Modo de fazer: Lave e corte a chicória em tiras. Pique o alho e corte os tomates grosseiramente. Ferva a água e junte a chicória, o alho, o tomate, o sal e a pimenta. Cozinhe em fogo médio, com a panela destampada, por uns 40 minutos. Pouco antes de tirar do fogo, acrescente os ovos batidos e deixe por mais uns cinco minutos, meio que cozinhando os ovos. Doure as fatias de pão no forno e disponha-as em cumbucas. Despeje o caldo por cima e espalhe o parmesão individualmente.

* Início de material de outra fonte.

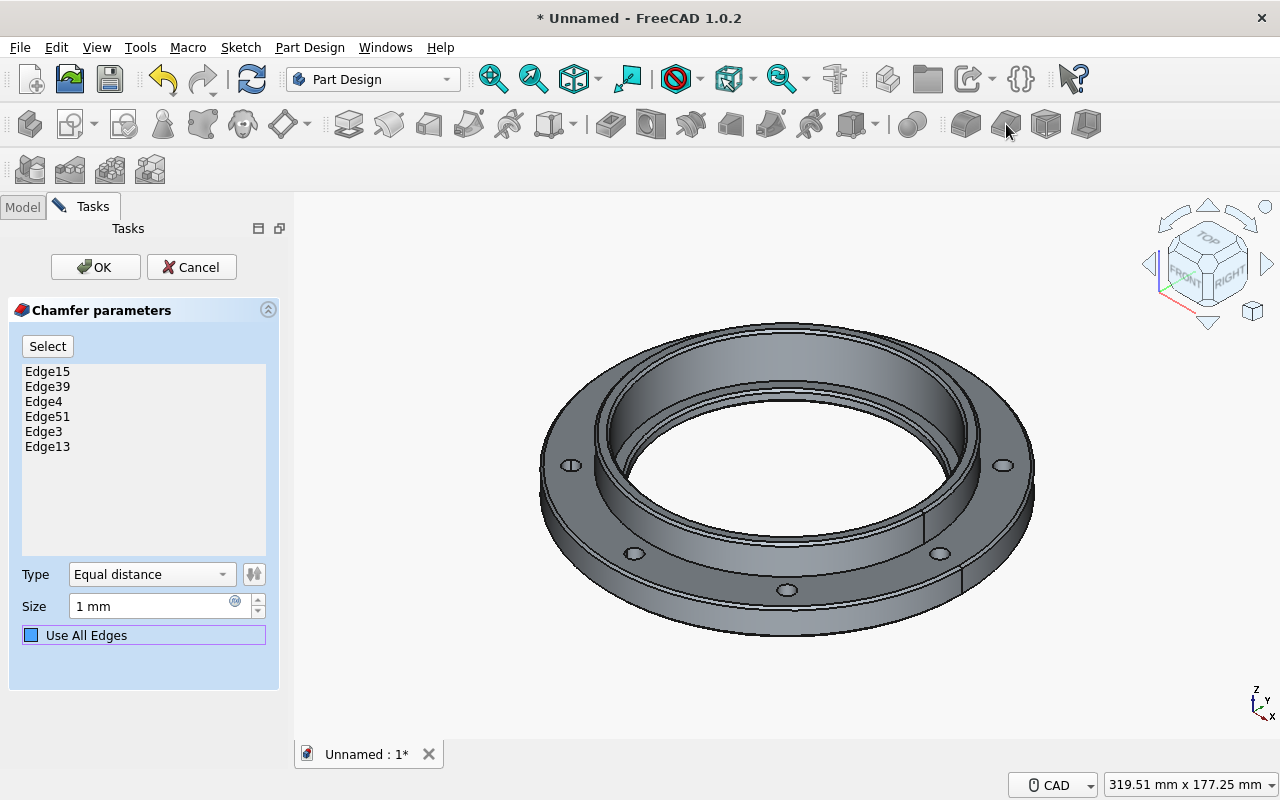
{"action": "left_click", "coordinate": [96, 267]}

Sopa de lentilhas (zuppa di lenticchie) Ingredientes: • 300 g de lentilhas • 4 gomos de linguiça fresca • 1 talo de salsão picado • 1 dente de alho picado • 1 cebola picada • 1 cenoura ralada • 1 pimenta dedo de moça • 300 g de tomates pelados e picados • 2 folhas de louro • Azeite e sal a gosto Modo de fazer: Cozinhe a lentilha a seu modo. Depois de cozida, escorra e

reserve o caldo do cozimento. Desfaça os gomos da linguiça, mantendo só a carne. Reserve. Numa panela coloque um pouco de azeite e refogue o salsão, o alho, a cebola e a carne da linguiça. Acrescente a cenoura, a pimenta e os tomates e cozinhe tudo por uns dez minutos, mexendo sempre. Junte o caldo da lentilha reservado e deixe por mais dez minutos. Despreze a pimenta e acrescente a lentilha reservada. Experimente o sal e deixe no fogo até a sopa engrossar um pouco.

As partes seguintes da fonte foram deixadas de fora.